Once risks and opportunities have been identified, analyzed, and evaluated, the organization must plan and implement specific actions to address them.

Common treatment options:

  • Avoid risk: eliminate its cause.
  • Reduce/mitigate risk: decrease its probability or impact through controls.
  • Transfer risk: delegate its management (e.g., insurance or partnerships).
  • Accept risk: when it is tolerable and treatment is not feasible.

In the case of opportunities, the strategy is aimed at taking advantage of or enhancing the benefits they offer.
Each action must be documented, assigning responsibilities, resources, deadlines, and monitoring methods.

6. Monitoring and review

Risks and opportunities must be monitored and reviewed on an ongoing basis, as internal and external conditions change over time.
This monitoring allows you to:

  • Verify the effectiveness of the actions implemented.
  • Detect new emerging risks.
  • Adjust the matrix and mitigation plans.

In this way, risk management becomes a dynamic process, aligned with the philosophy of continuous improvement of ISO 9001:2015.

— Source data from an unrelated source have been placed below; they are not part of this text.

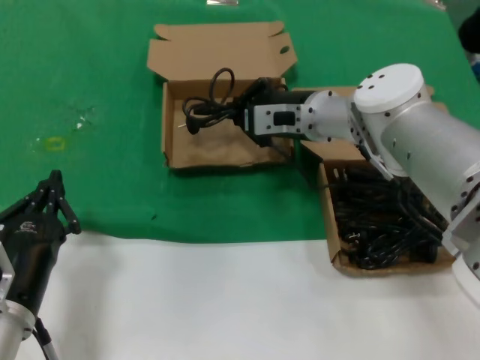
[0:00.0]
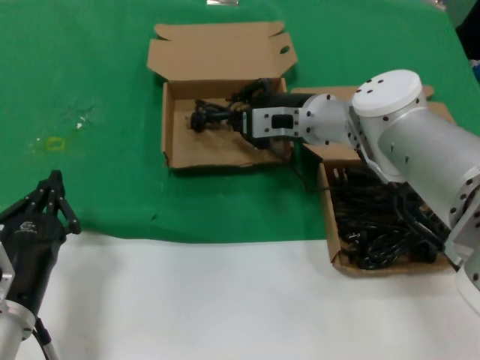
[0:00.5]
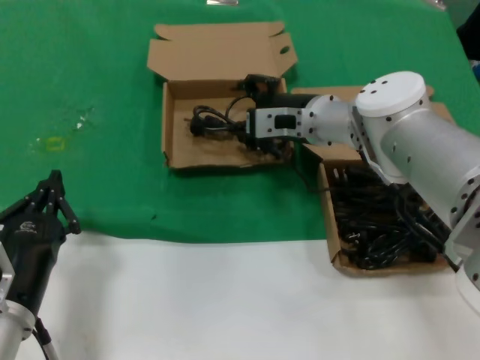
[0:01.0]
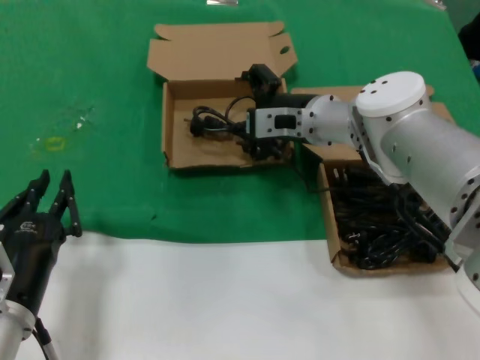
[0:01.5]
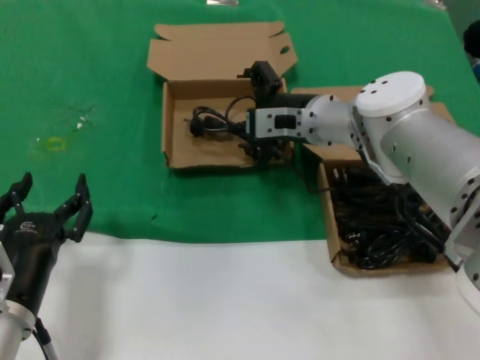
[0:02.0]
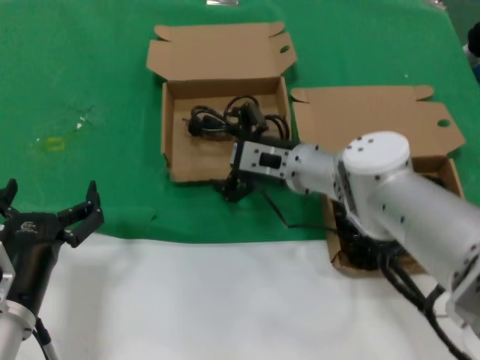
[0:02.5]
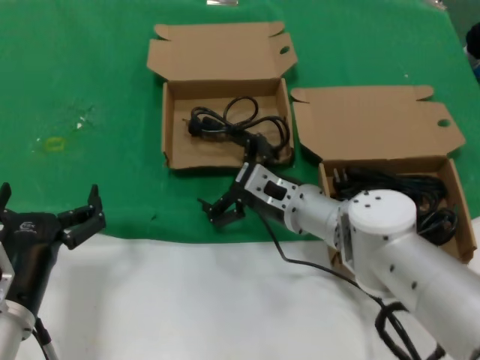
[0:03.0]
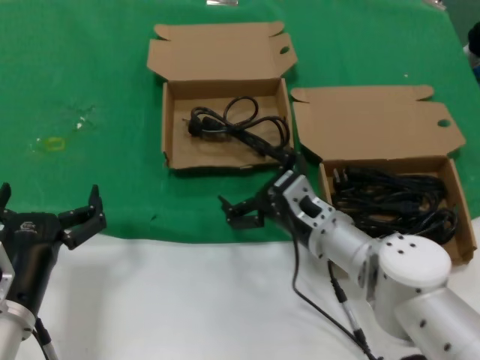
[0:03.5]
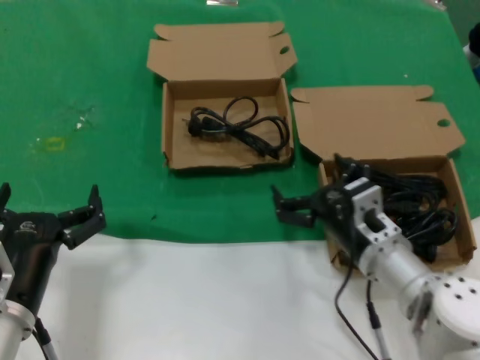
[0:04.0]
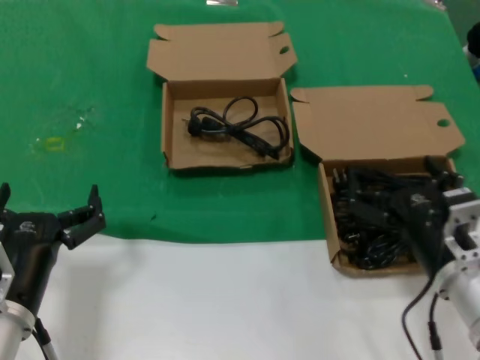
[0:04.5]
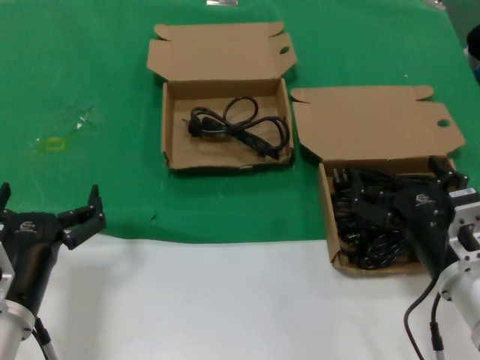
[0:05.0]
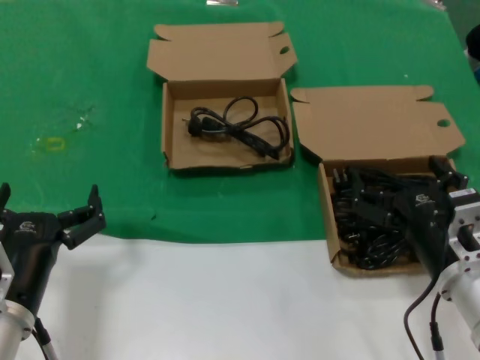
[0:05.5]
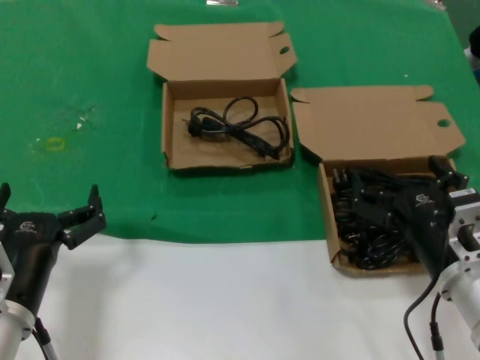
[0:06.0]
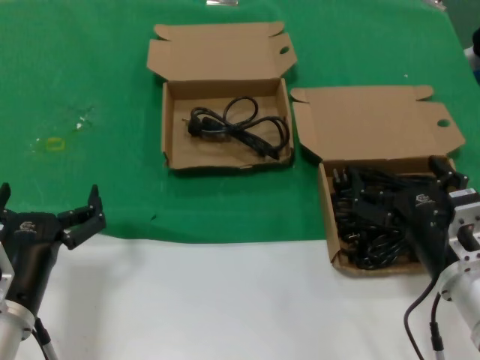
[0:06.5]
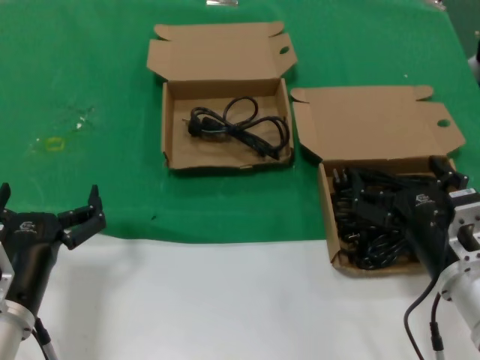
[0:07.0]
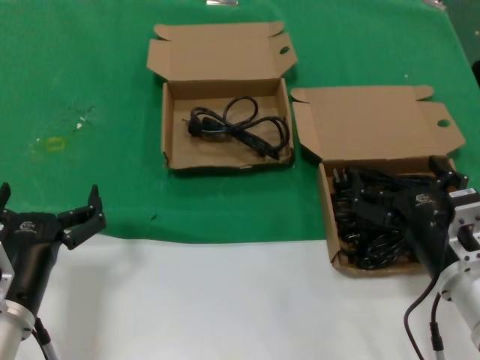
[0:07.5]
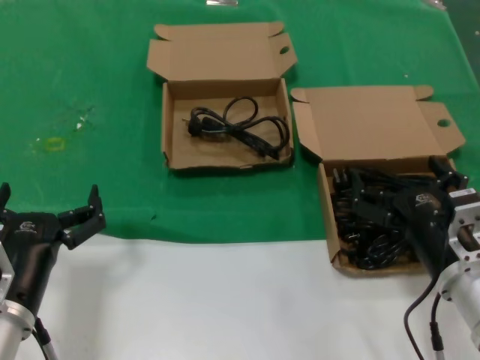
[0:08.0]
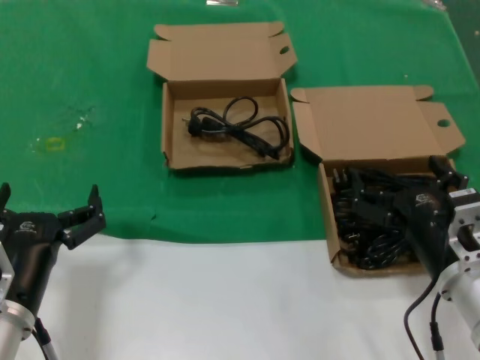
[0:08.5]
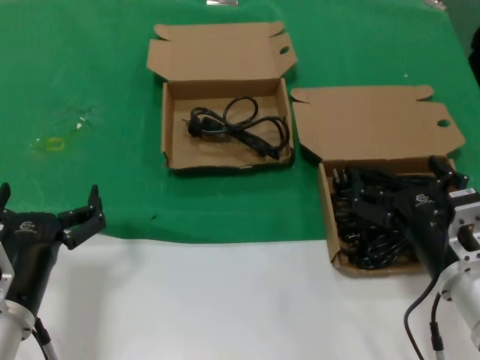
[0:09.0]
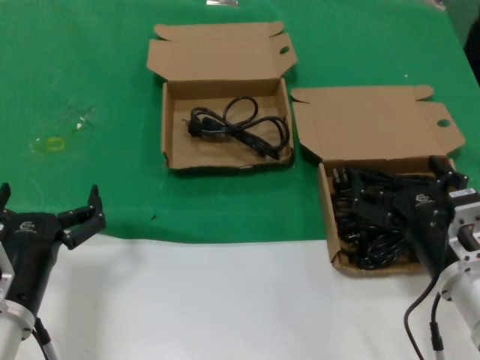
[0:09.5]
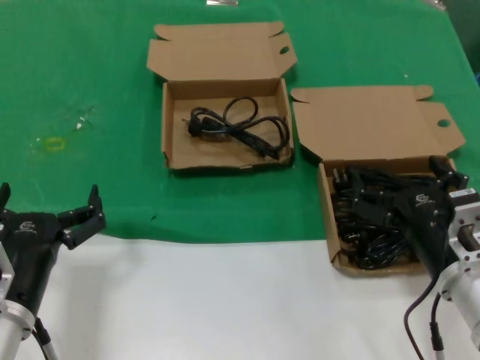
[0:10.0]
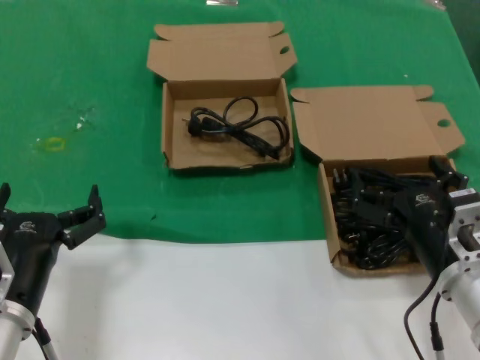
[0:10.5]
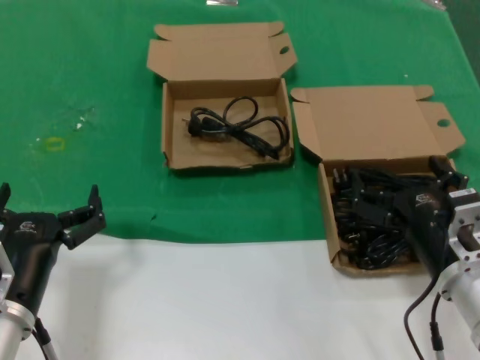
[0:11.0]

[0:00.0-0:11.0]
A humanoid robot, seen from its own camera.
Task of the whole recording: take the parts from the box containing them and put them into an empty box.
0:00.0 to 0:02.0: Neither hand changes place.
0:02.0 to 0:03.5: The right hand travels downward and backward by some 20 cm.
0:03.5 to 0:05.5: The right hand moves backward and to the right, approximately 15 cm.
0:05.5 to 0:11.0: Neither hand changes place.

1 IMG 1 ING Mastering Risk Management in the framework of ISO 90012015 resultado
Figure 1. Image representing the Risk Matrix.

Benefits of risk management according to ISO 9001:2015

Each organization manages risks according to its own characteristics, risks inherent to its nature and operations, as well as according to the sector in which it operates.

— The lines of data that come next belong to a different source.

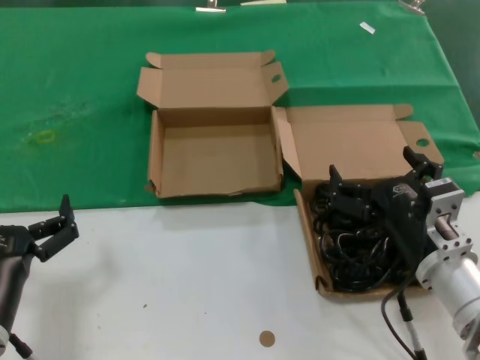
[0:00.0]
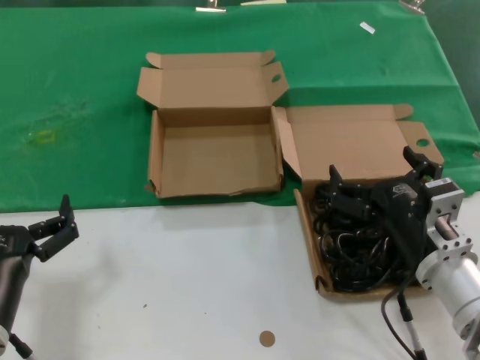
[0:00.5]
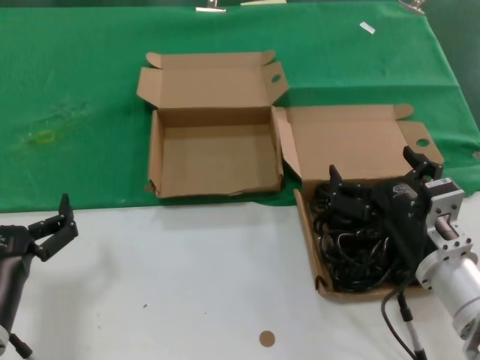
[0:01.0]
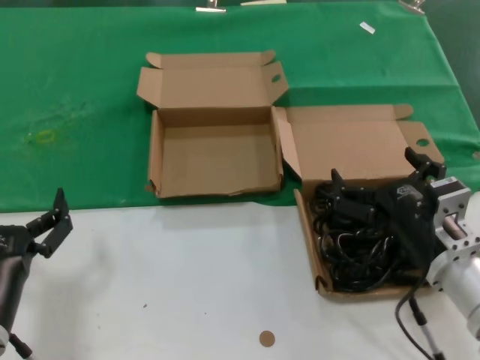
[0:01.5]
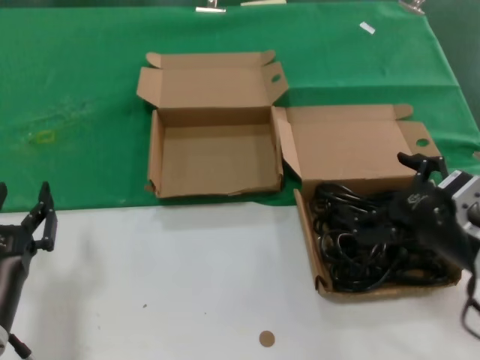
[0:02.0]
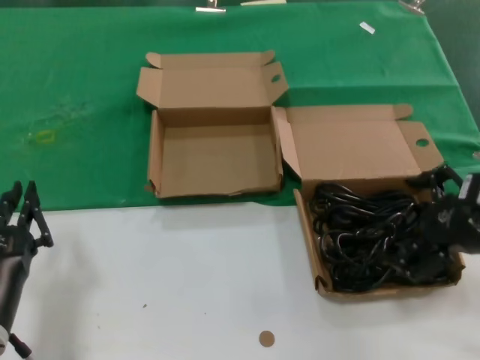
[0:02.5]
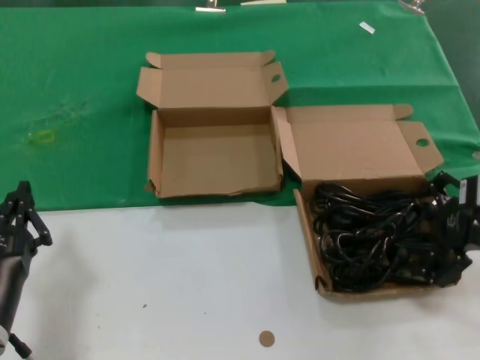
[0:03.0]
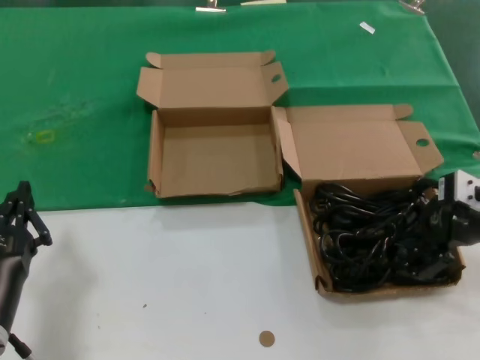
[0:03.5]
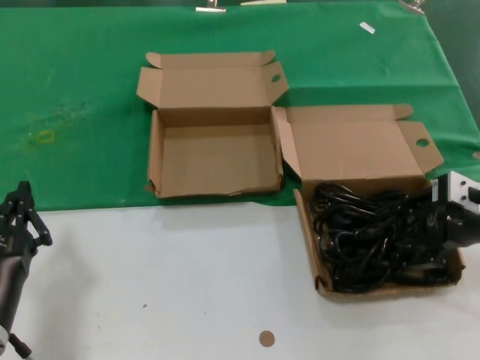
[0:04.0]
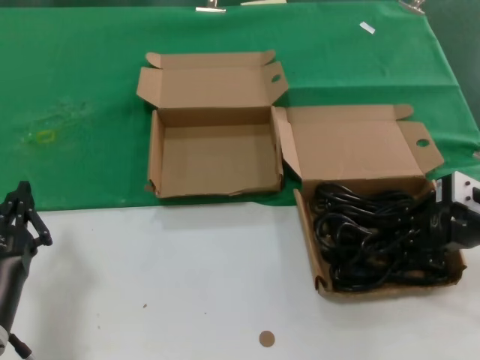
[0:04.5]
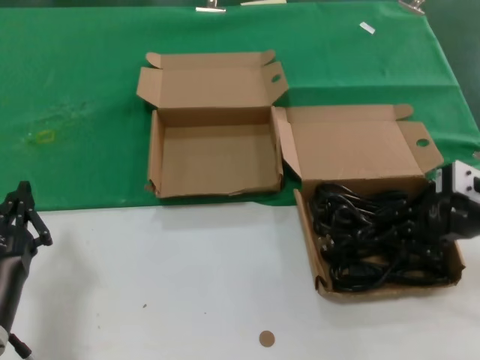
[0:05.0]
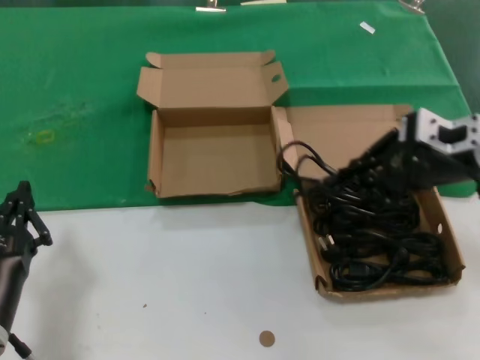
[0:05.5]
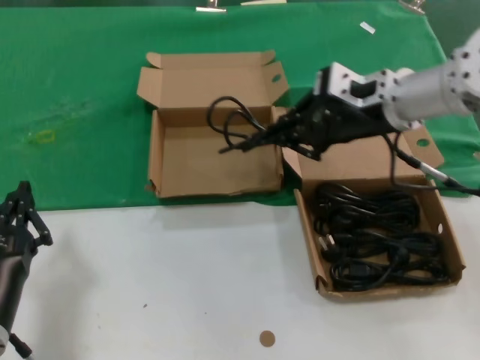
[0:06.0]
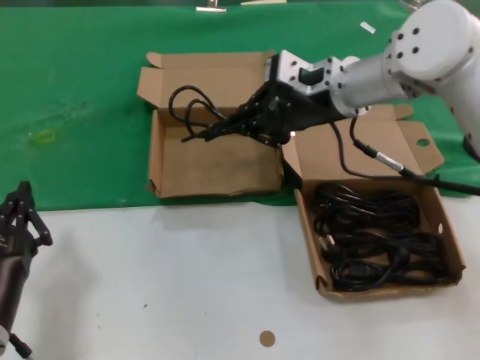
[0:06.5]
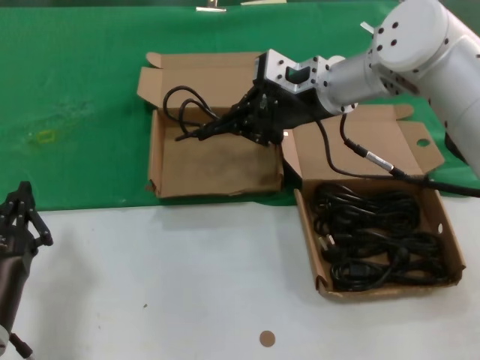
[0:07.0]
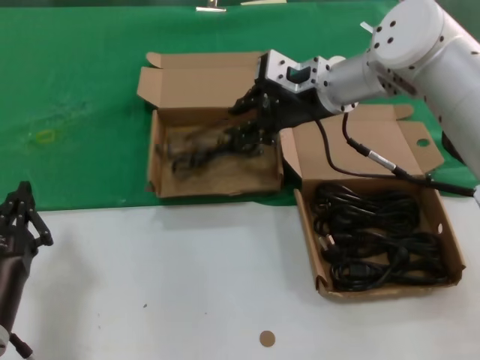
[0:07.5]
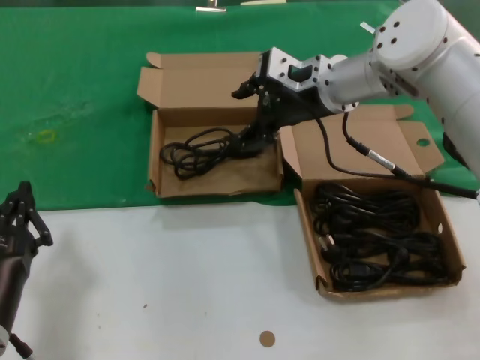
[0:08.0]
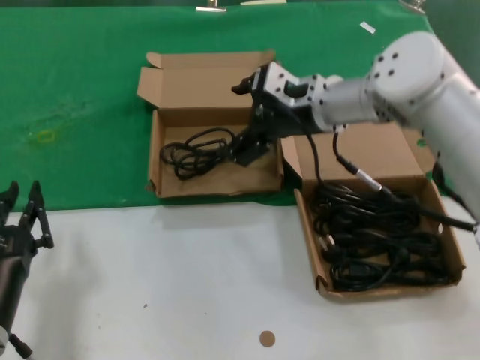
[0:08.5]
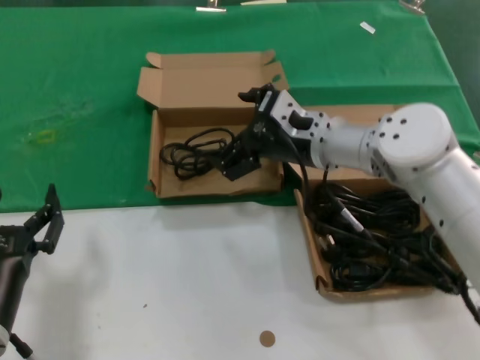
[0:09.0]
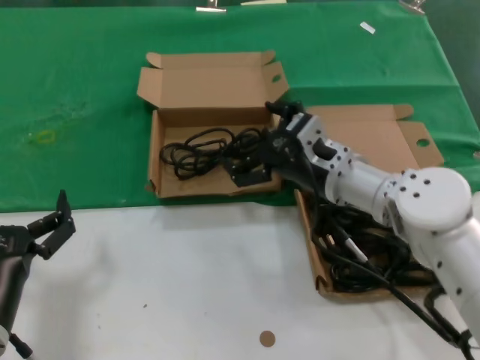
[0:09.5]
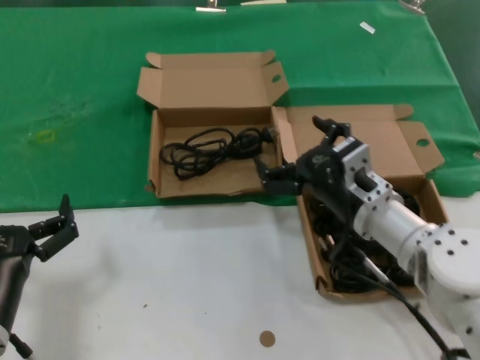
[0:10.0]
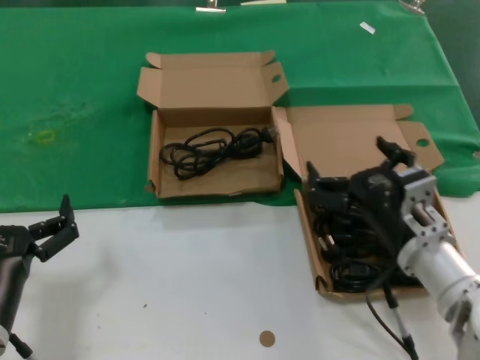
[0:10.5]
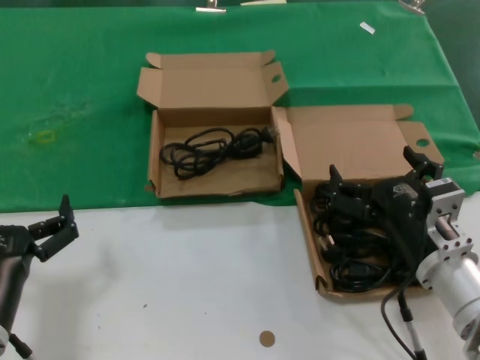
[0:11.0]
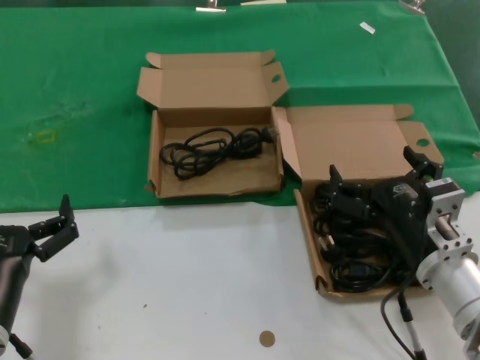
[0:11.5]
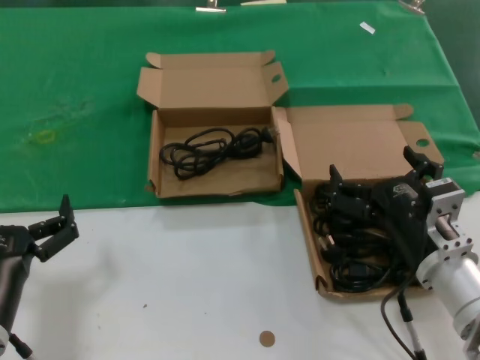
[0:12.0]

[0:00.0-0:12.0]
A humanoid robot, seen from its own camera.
Task of the whole recording: take the parts from the box containing them and put them into an empty box.
Step, 0:00.0 to 0:04.5: Grasp the data cable.
Step, 0:05.0 to 0:07.5: Place the data cable in the another box.
0:00.0 to 0:02.0: The right hand heads upward and to the right, covering approximately 5 cm.
0:02.0 to 0:04.0: The right hand travels forward, to the right and upward by roughly 15 cm.
0:04.0 to 0:06.0: The right hand moves to the left, forward and upward, some 20 cm.
0:06.0 to 0:08.0: The right hand shifts approximately 10 cm forward and to the left.
0:08.0 to 0:10.0: The right hand goes about 20 cm downward and backward.
0:10.0 to 0:12.0: The right hand goes some 10 cm backward.

In general, managing risks within the framework of ISO 9001:2015 will contribute to a greater or lesser extent, depending on the impact these risks represent, to aspects such as:

  • Greater customer satisfaction and compliance with ISO requirements.
  • Reduction of financial and operational losses.
  • Analysis of the production system, optimizing processes and response times.
  • Selection of more reliable suppliers.
  • Increased organizational reliability and reputation.
  • Promotion of innovation by turning risks into opportunities.
  • Preventive culture that strengthens decision-making and continuous improveme

Conclusions

Risk and opportunity management within the framework of ISO 9001:2015 is not a documentary requirement, but rather a strategic management principle that drives organizational excellence.

The use of tools such as the risk and opportunity matrix, in accordance with clause 6.1, allows organizations to prevent deviations, take advantage of opportunities, and ensure compliance with QMS objectives.

Adopting a risk-based approach means deciding in advance, acting with knowledge, and maintaining a system that is resilient to changes in the environment.

If you want to strengthen your skills in this area and master the practical application of the ISO 9001:2015 requirements, explore the courses and diplomas offered by Inspenet Academy, designed for professionals in the industrial and energy sectors who seek to lead quality with an analytical and strategic vision.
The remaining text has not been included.